(Collected data)
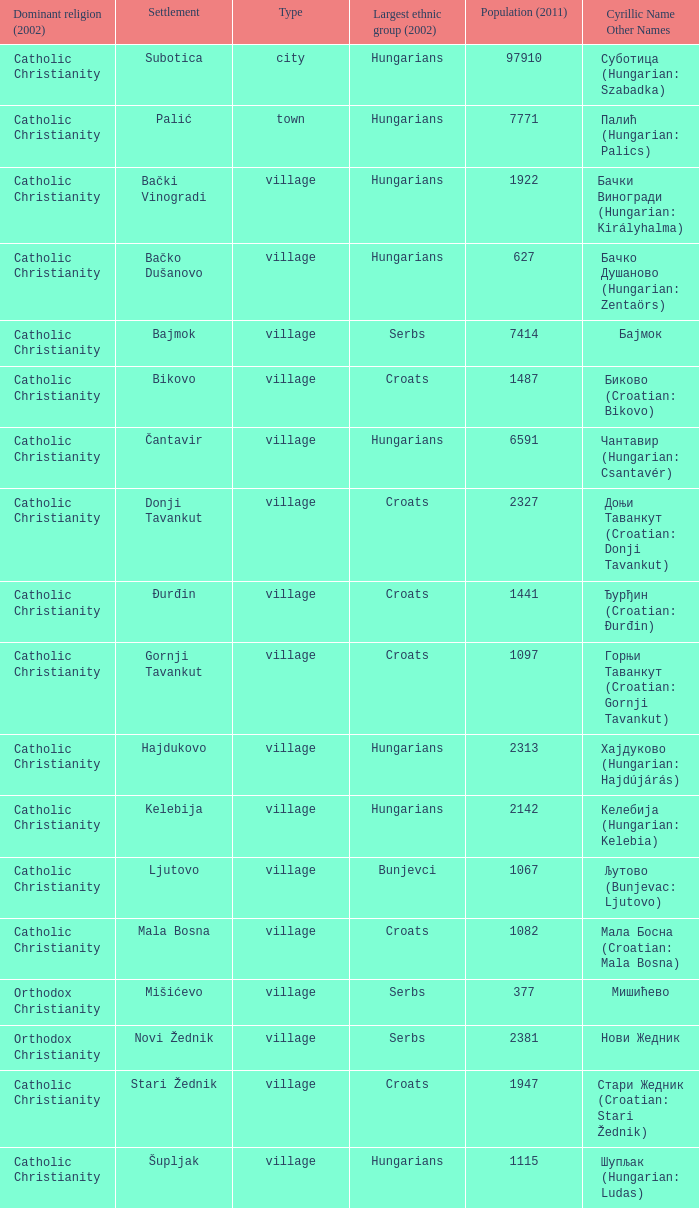What is the population in стари жедник (croatian: stari žednik)? 1947.0. 
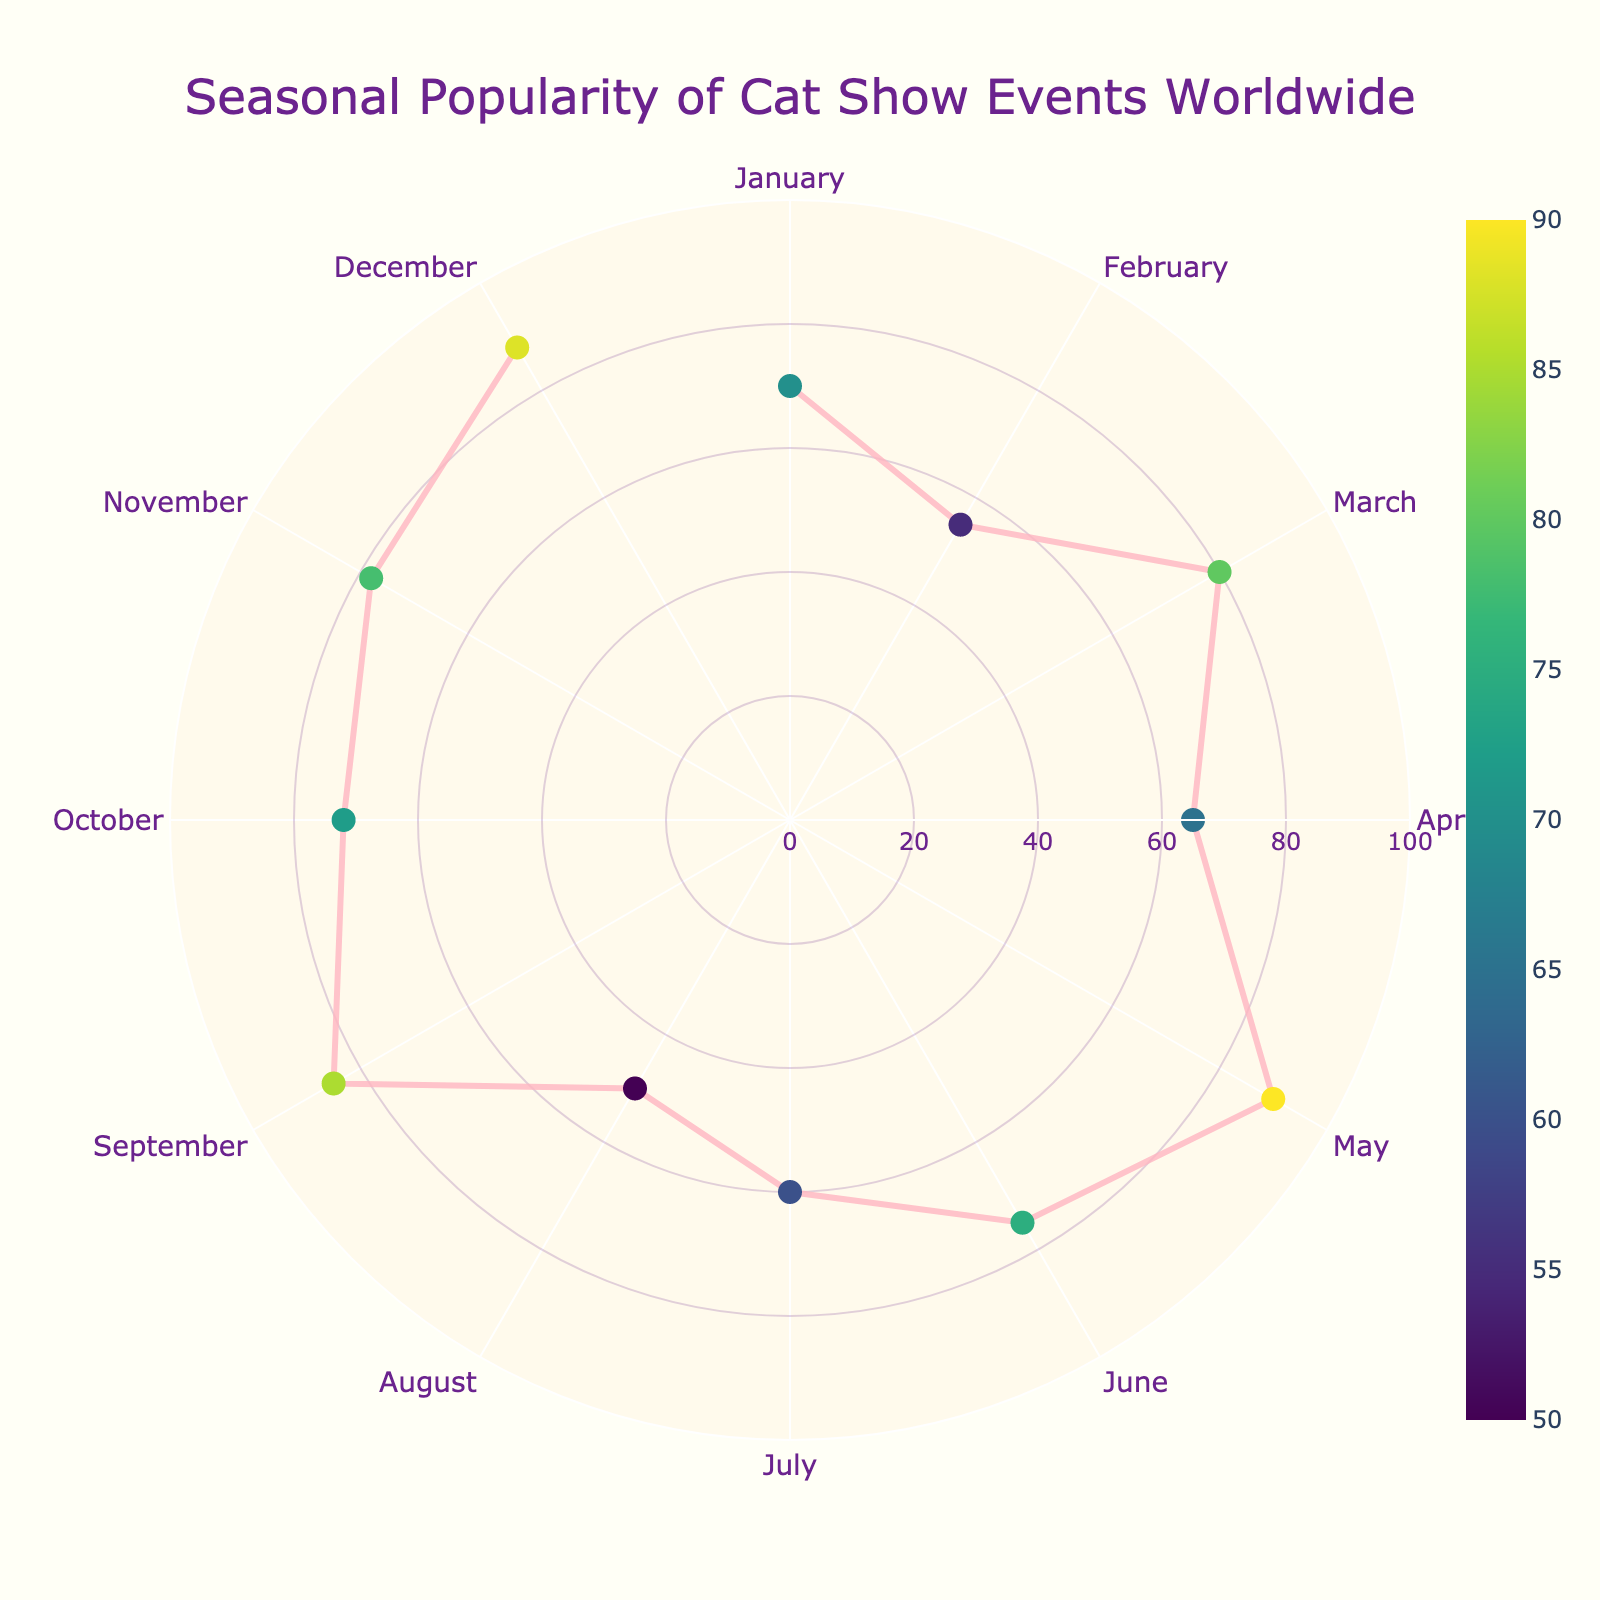What's the title of the polar chart? The title is displayed at the top of the chart. It describes the overall theme and focus of the visualization.
Answer: Seasonal Popularity of Cat Show Events Worldwide Which month has the highest popularity score? By looking at the radial axis labels and markers on the chart, identify the marker with the highest radial value and note its corresponding month.
Answer: May Which event is held in the month of December and what is its popularity? Hover over the marker corresponding to December on the angular axis to view the event name and its popularity score.
Answer: Luv-a-Cat Christmas Gala, 88 Compare the popularity of the "Supreme Cat Show" in May and the "Tokyo Cat Show" in August. Which is more popular? Locate both May and August on the angular axis, then compare the radial values (length of the markers) for these two months.
Answer: Supreme Cat Show What is the average popularity of events from January to June inclusive? Sum the popularity scores for the months January through June and divide the total by the number of months (6).
Answer: 72.5 Which event has the lowest popularity, and in which month does it occur? Identify the event with the smallest radial value by comparing all markers on the chart. Note the corresponding month for this event.
Answer: Tokyo Cat Show, August How does the popularity of the "Paris Cat Extravaganza" in October compare to the "Sydney Royal Cat Show" in November? Observe the markers for October and November, compare their radial values to determine which is higher.
Answer: Sydney Royal Cat Show Describe the color variation in the markers and explain what it represents. The colors of the markers vary according to a color scale (Viridis) and represent different popularity scores. Markers with lower popularity are lighter, while higher popularity scores are darker.
Answer: Color scale representing popularity What range does the radial axis cover in this chart? Observe the radial axis, noting the minimum and maximum values indicated by the tick marks.
Answer: 0 to 100 How many events have a popularity score greater than 70? Count the number of markers that fall beyond the radial value of 70, around the circular grid.
Answer: 9

▸ WHAT IS EXPECTED: Your response should contain each line of the entries above that holds the string "values".

▸ RESPONSE:
Answer: Luv-a-Cat Christmas Gala, 88 Compare the popularity of the "Supreme Cat Show" in May and the "Tokyo Cat Show" in August. Which is more popular? Locate both May and August on the angular axis, then compare the radial values (length of the markers) for these two months.
Answer: Tokyo Cat Show, August How does the popularity of the "Paris Cat Extravaganza" in October compare to the "Sydney Royal Cat Show" in November? Observe the markers for October and November, compare their radial values to determine which is higher.
Answer: Color scale representing popularity What range does the radial axis cover in this chart? Observe the radial axis, noting the minimum and maximum values indicated by the tick marks.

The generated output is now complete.